Data supplied START

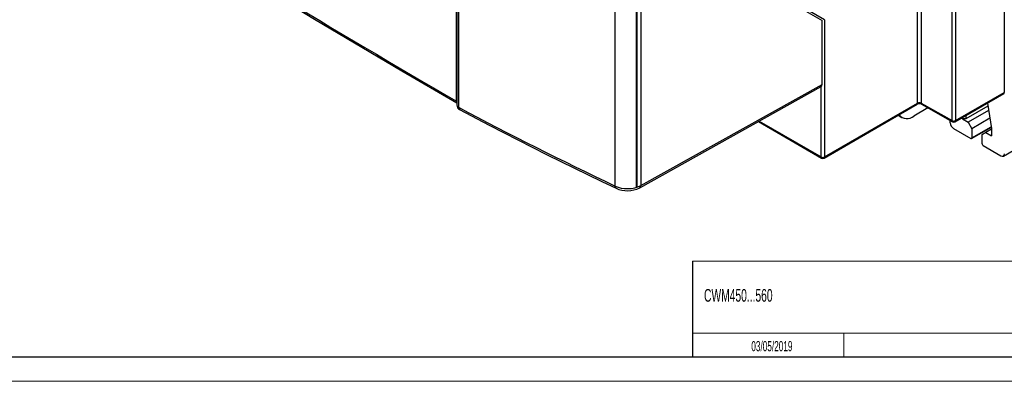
# Model space of a CAD drawing. Header units: millimetres. Extents: x 0 to 1189, y 0 to 841.
# Tile 12 of 20: x 864 to 1069, y 0 to 75. Entities that reach past the tile are written whole.
import ezdxf

# ---------------------------------------------------------------- set-up
doc = ezdxf.new("R2010")
doc.units = ezdxf.units.MM
doc.layers.add('FORMATO', color=7, linetype='Continuous')
doc.layers.add('LEGENDA', color=7, linetype='Continuous')
doc.styles.add('SLDTEXTSTYLE1', font='TXT', dxfattribs={"width": 0.605})

msp = doc.modelspace()

# ---------------------------------------------------------------- linework, layer by layer
at = {"color": 7, "linetype": 'Continuous', "lineweight": 25}
for p, q in [((1068.877, 209.561), (1068.877, 60.134)), ((1058.009, 54.263), (1058.009, 203.69)), ((1058.712, 203.693), (1058.712, 54.266)), ((987.872, 40.647), (987.872, 158.787)), ((992.332, 40.482), (992.332, 158.557)), ((992.368, 40.465), (992.368, 159.07)), ((992.486, 40.533), (992.486, 158.609)), ((993.22, 158.943), (993.22, 40.761)), ((1068.701, 46.887), (1154.366, 97.471)), ((1031.471, 75.283), (1012.59, 86.186)), ((1012.237, 85.982), (1030.997, 75.148)), ((954.969, 77.416), (954.969, 57.467)), ((955.292, 76.991), (955.292, 57.042)), ((1030.997, 61.814), (1030.997, 75.148)), ((1031.471, 75.283), (1031.471, 46.704)), ((993.22, 40.761), (1030.997, 61.814)), ((993.006, 40.299), (1030.786, 61.354)), ((1058.608, 54.037), (1068.773, 59.905)), ((1058.712, 54.266), (1068.877, 60.134)), ((954.853, 58.341), (954.853, 58.35)), ((1031.367, 46.475), (1050.747, 57.663)), ((1031.471, 46.704), (1050.85, 57.892)), ((1051.553, 57.894), (1058.009, 54.263)), ((1051.657, 57.665), (1058.113, 54.034)), ((1065.359, 57.934), (1066.249, 52.625)), ((1046.799, 55.383), (1047.563, 54.942)), ((1053.008, 56.905), (1050.078, 55.199)), ((1065.471, 57.268), (1060.901, 54.63)), ((1060.901, 55.361), (1060.901, 54.63)), ((1065.614, 56.411), (1061.369, 53.948)), ((1017.713, 54.069), (1030.867, 46.475)), ((1057.635, 53.785), (1057.599, 54.323)), ((1060.191, 54.628), (1060.191, 54.951)), ((1060.901, 54.63), (1060.191, 54.628)), ((1060.191, 54.628), (1061.369, 53.948)), ((1061.369, 53.948), (1062.159, 52.579)), ((1065.891, 54.76), (1062.159, 52.579)), ((1058.34, 52.626), (1061.947, 50.544)), ((1062.098, 50.529), (1066.2, 52.918)), ((1062.159, 52.579), (1062.159, 50.666)), ((1066.249, 52.505), (1064.281, 51.355)), ((1064.281, 51.355), (1065.071, 51.811)), ((1064.281, 49.441), (1064.281, 51.355)), ((1066.249, 52.5), (1065.071, 51.811)), ((1065.071, 51.811), (1066.249, 51.131)), ((1066.249, 52.625), (1066.249, 51.131)), ((1064.493, 49.074), (1068.198, 46.935)), ((992.368, 40.465), (992.486, 40.533))]:
    msp.add_line(p, q, dxfattribs=at)
at = {"color": 1, "linetype": 'Continuous', "lineweight": 25}
for p, q in [((1050.85, 57.892), (1050.85, 103.374)), ((1051.553, 103.78), (1051.553, 57.894)), ((954.853, 58.35), (954.853, 77.821)), ((1030.764, 46.704), (1030.764, 61.342)), ((1017.862, 54.152), (1030.764, 46.704)), ((1062.159, 50.666), (1066.185, 53.01))]:
    msp.add_line(p, q, dxfattribs=at)
at = {"color": 7, "linetype": 'Continuous', "lineweight": 18}
msp.add_line((1035.524, 10.02), (1035.524, 5), dxfattribs=at)
at = {"color": 7, "linetype": 'Continuous', "lineweight": 25, "flags": 128}
for points in [[(880.418, 103.215), (889.647, 97.359), (907.358, 86.326), (925.3, 75.416), (943.47, 64.63), (954.969, 57.944)], [(955.5, 56.584), (961.692, 53.329), (973.618, 47.248), (985.107, 41.613), (988.078, 40.19)], [(992.332, 40.482), (992.336, 40.48), (992.341, 40.478), (992.345, 40.476), (992.35, 40.474), (992.354, 40.471), (992.359, 40.469), (992.363, 40.467), (992.368, 40.465)]]:
    msp.add_lwpolyline(points, dxfattribs=at)
at = {"color": 1, "linetype": 'Continuous', "lineweight": 25, "flags": 128}
for points in [[(954.853, 58.35), (954.951, 58.284), (954.969, 58.27)], [(954.853, 58.341), (954.951, 58.275), (954.969, 58.261)]]:
    msp.add_lwpolyline(points, dxfattribs=at)
at = {"color": 7, "linetype": 'Continuous', "lineweight": 25}
for centre, radius, start, end in [((1068.639, 60.104), 0.24, 304.05635, 7.25583), ((955.969, 57.467), 1, 180, 242.02989), ((1051.204, 56.752), 1.019, 63.6476, 116.66985), ((1051.204, 57.208), 0.77, 63.07812, 117.35485), ((1048.675, 56.886), 2.194, 219.52891, 309.73251), ((1058.358, 54.95), 0.77, 243.07812, 297.35485), ((1058.358, 54.47), 0.5, 240.64796, 299.99731), ((1031.117, 47.386), 0.769, 242.60967, 297.39033), ((1031.117, 46.908), 0.5, 240.00269, 299.99731), ((990.431, 45.237), 5.569, 245.00199, 297.53906)]:
    msp.add_arc(centre, radius, start, end, dxfattribs=at)
at = {"color": 1, "linetype": 'Continuous', "lineweight": 25}
for centre, radius, start, end in [((955.328, 58.348), 0.475, 180.84759, 220.82116), ((955.477, 57.518), 0.511, 185.79018, 248.72329), ((1050.605, 57.864), 0.246, 305.01333, 6.29885), ((1051.796, 57.866), 0.245, 173.47247, 235.28753), ((955.771, 56.983), 0.483, 172.97338, 235.77037), ((1058.253, 54.235), 0.245, 173.47247, 235.28753), ((1058.467, 54.239), 0.246, 305.01333, 6.29885), ((1031.009, 46.677), 0.246, 173.70115, 234.98667), ((1031.226, 46.677), 0.246, 305.01333, 6.29885), ((988.337, 40.581), 0.47, 171.96454, 236.45231), ((992.726, 40.709), 0.497, 304.15535, 5.93325)]:
    msp.add_arc(centre, radius, start, end, dxfattribs=at)
at = {"color": 7, "linetype": 'Continuous', "lineweight": 25}
for centre, major_axis, ratio, start_param, end_param in [((2475.693, 920.342), (2149.98, -16.1), 0.5722297, 3.8805012, 3.9309072), ((1030.29, 62.223), (-0.5, 0.866), 0.5773376, 3.132866, 3.927034), ((1496.677, 391.367), (799.993, -5.986), 0.5722337, 3.9733577, 4.0273599), ((1058.34, 53.443), (-0.5, 0.866), 0.5773917, 0.864983, 2.3562684), ((1061.947, 50.789), (-0.15, 0.26), 0.5773815, 2.3562853, 3.9270816), ((1064.493, 49.319), (-0.15, 0.26), 0.5773815, 0.7854889, 2.3562853), ((1068.198, 47.752), (-0.5, 0.866), 0.577364, 2.3562761, 3.927042), ((990.416, 42.408), (4, -0.023), 0.5734965, 4.0263075, 5.4922899)]:
    msp.add_ellipse(centre, major_axis=major_axis, ratio=ratio, start_param=start_param, end_param=end_param, dxfattribs=at)
at = {"layer": 'FORMATO', "lineweight": 18}
for p, q in [((1004, 25), (1181.524, 25)), ((1004, 10.02), (1035.524, 10.02)), ((1035.524, 10.02), (1158, 10.028)), ((0, 0), (1189, 0))]:
    msp.add_line(p, q, dxfattribs=at)
at = {"layer": 'FORMATO'}
for p, q in [((1004, 25), (1004, 5)), ((1181.524, 5), (22.524, 5))]:
    msp.add_line(p, q, dxfattribs=at)

# ---------------------------------------------------------------- texts
at = {"layer": 'LEGENDA', "style": 'SLDTEXTSTYLE1'}
for s, insert, char_height, attachment_point in [('CWM450...560', (1006.388, 19.216), 2.64583, 1), ('03/05/2019', (1020.518, 8.375), 2.1167, 2)]:
    msp.add_mtext(s, dxfattribs=dict(at, insert=insert, char_height=char_height, attachment_point=attachment_point))

doc.saveas('drawing.dxf')

Data supplied END

*Exercise objective:*
Write out every line from the data above that includes "drawing".

*Exercise result:*
# Model space of a CAD drawing. Header units: millimetres. Extents: x 0 to 1189, y 0 to 841.
doc.saveas('drawing.dxf')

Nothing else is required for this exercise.